= Freight Books =

Defunct British publisher

Freight Books was an independent publisher based in Glasgow. It published books for an English speaking readership, including award-winning literary fiction, poetry, illustrated non-fiction and humour. Freight Books was named Scotland's Publisher of the Year 2015 by the Saltire Society. Freight Books published the debut novel of Martin Cathcart Froden, the winner of the 2015 Dundee International Book Prize.

The company was founded as an imprint of Freight Design by Adrian Searle in 2011. The publisher increased its output each year, at its peak publishing 35 titles in 2016, with notable publications including Gutter magazine, a Scottish magazine of new writing established in 2009 (and still in existence), Jellyfish by Janice Galloway and the international bestseller The Hairdresser of Harare by Tendai Huchu.

Freight Books acquired Cargo Publishing in September 2015.

In April 2017 Searle left the business citing "differences over strategic direction" between himself and fellow director Davinder Samrai. Two months later Freight Books was offered for sale through the Publishing Scotland website.

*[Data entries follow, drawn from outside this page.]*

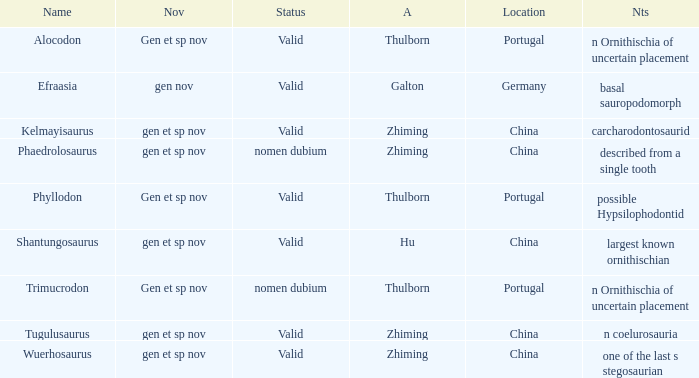What is the Name of the dinosaur that was discovered in the Location, China, and whose Notes are, "described from a single tooth"? Phaedrolosaurus. 
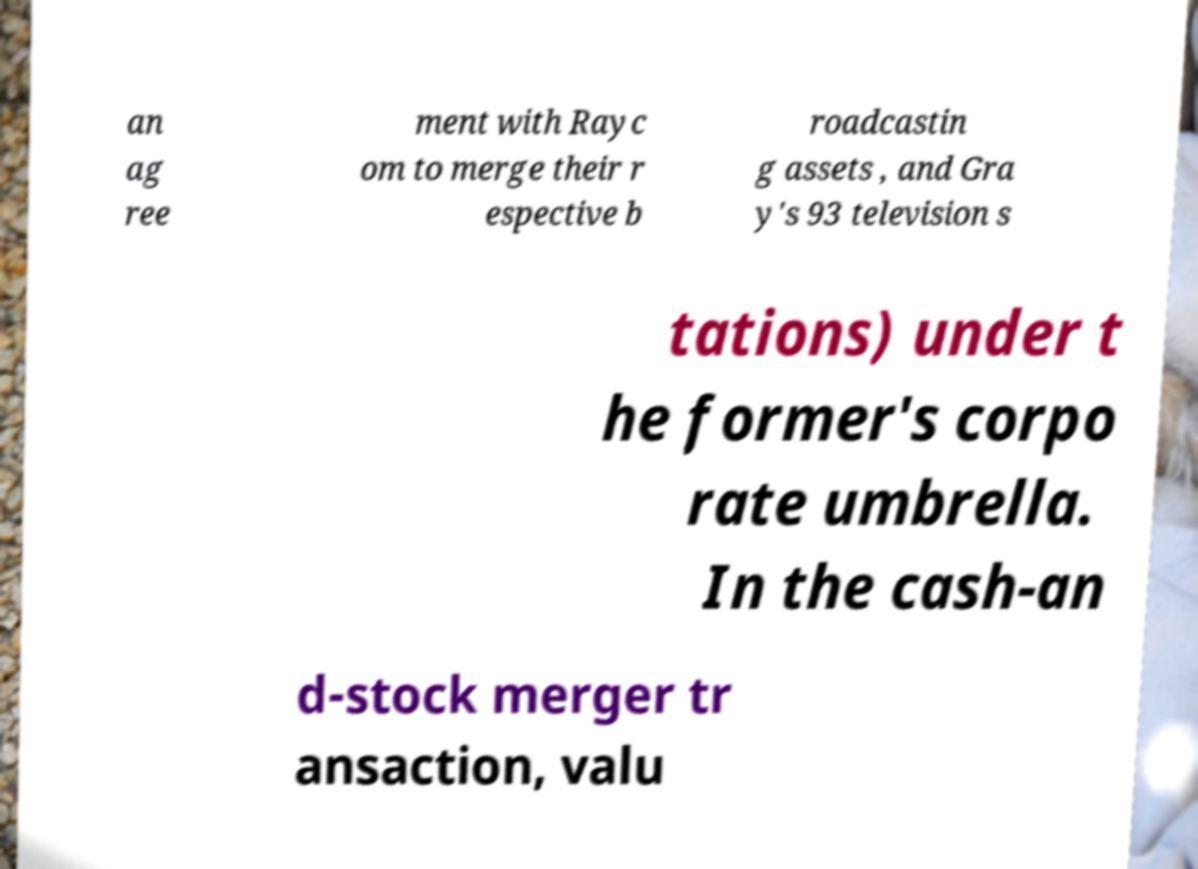Could you extract and type out the text from this image? an ag ree ment with Rayc om to merge their r espective b roadcastin g assets , and Gra y's 93 television s tations) under t he former's corpo rate umbrella. In the cash-an d-stock merger tr ansaction, valu 
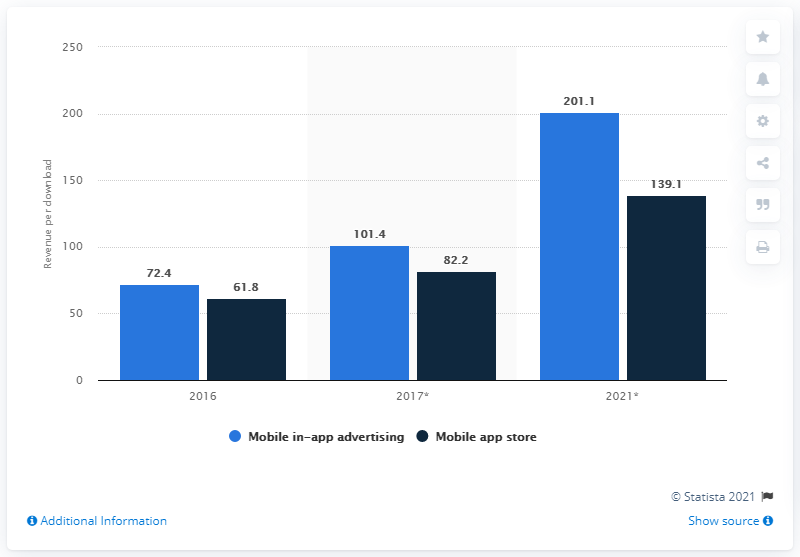Outline some significant characteristics in this image. In 2016, worldwide spending on in-app advertising and app stores was measured. In 2016, the total amount of money that advertisers spent on ads within mobile apps was approximately $72.4 billion. In 2021, it is projected that there will be a significant amount of gross advertiser spend within mobile apps, estimated to be approximately 201.1... 
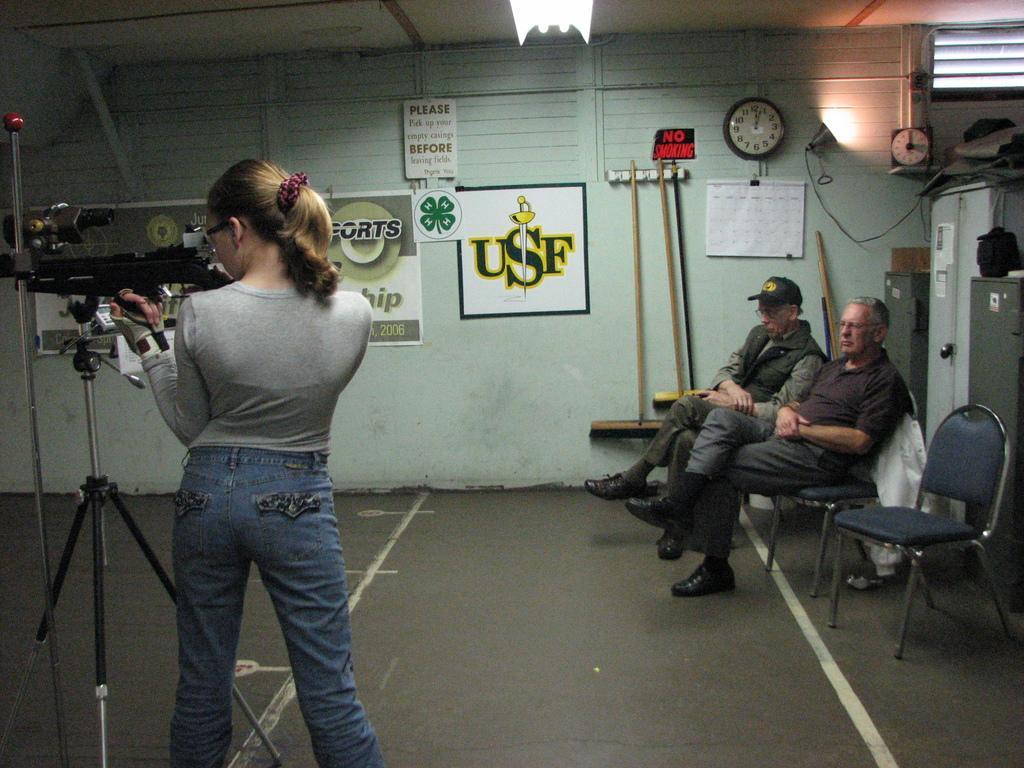Can you describe this image briefly? Here we see a woman standing and holding a gun in her hand we see two men seated on the chair and watching and we see a wall clock and poster on the wall.

The company was finally liquidated that December and it disappeared from the Scottish Publishing scene after failing to find a suitable buyer. Authors left the publishing house with unpaid royalties.

== Notable authors and works ==

- Janice Galloway:
  - Jellyfish (2015), shortlisted for the Saltire Society Literary Award in Literary Fiction, long-listed for the Frank O'Connor International Short Story Award

- Pippa Goldschmidt:
  - The Falling Sky (2013), runner-up in the 2012 Dundee International Book Prize
  - The Need for Better Regulation of Outer Space (2015), longlisted for the Frank O'Connor International Short Story Award
  - I Am Because You Are (2015), as an editor

- Kirstin Innes:
  - Fishnet (2015), Winner of the Guardian Not the Booker Prize

- J David Simons:
  - A Woman of Integrity (2017)

== Prizes ==
2015: Freight won publisher of the year by the Saltire Society.

2015: Killochries by Jim Carruth shortlisted for the Saltire Society Scottish Poetry Book of the Year Award.

2015: Lifeblood by Gill Fyffe shortlisted for the Saltire Society Scottish Non-Fiction Book of the Year Award.

2015: Jellyfish by Janice Galloway shortlisted for the Saltire Society Scottish Fiction Book of the Year Award.

2015: Fishnet by Kirsten Innes won the Guardian Not the Booker Prize.

2012: The Falling Sky by Pippa Goldschmidt was runner-up in the Dundee International Book Prize.

2012: Furnace by Wayne Price longlisted for the Frank O'Connor Prize and nominated for the Saltire Scottish First Book of the Year.

2010: Gutter won the Chairman's Award at the Scottish Design Awards.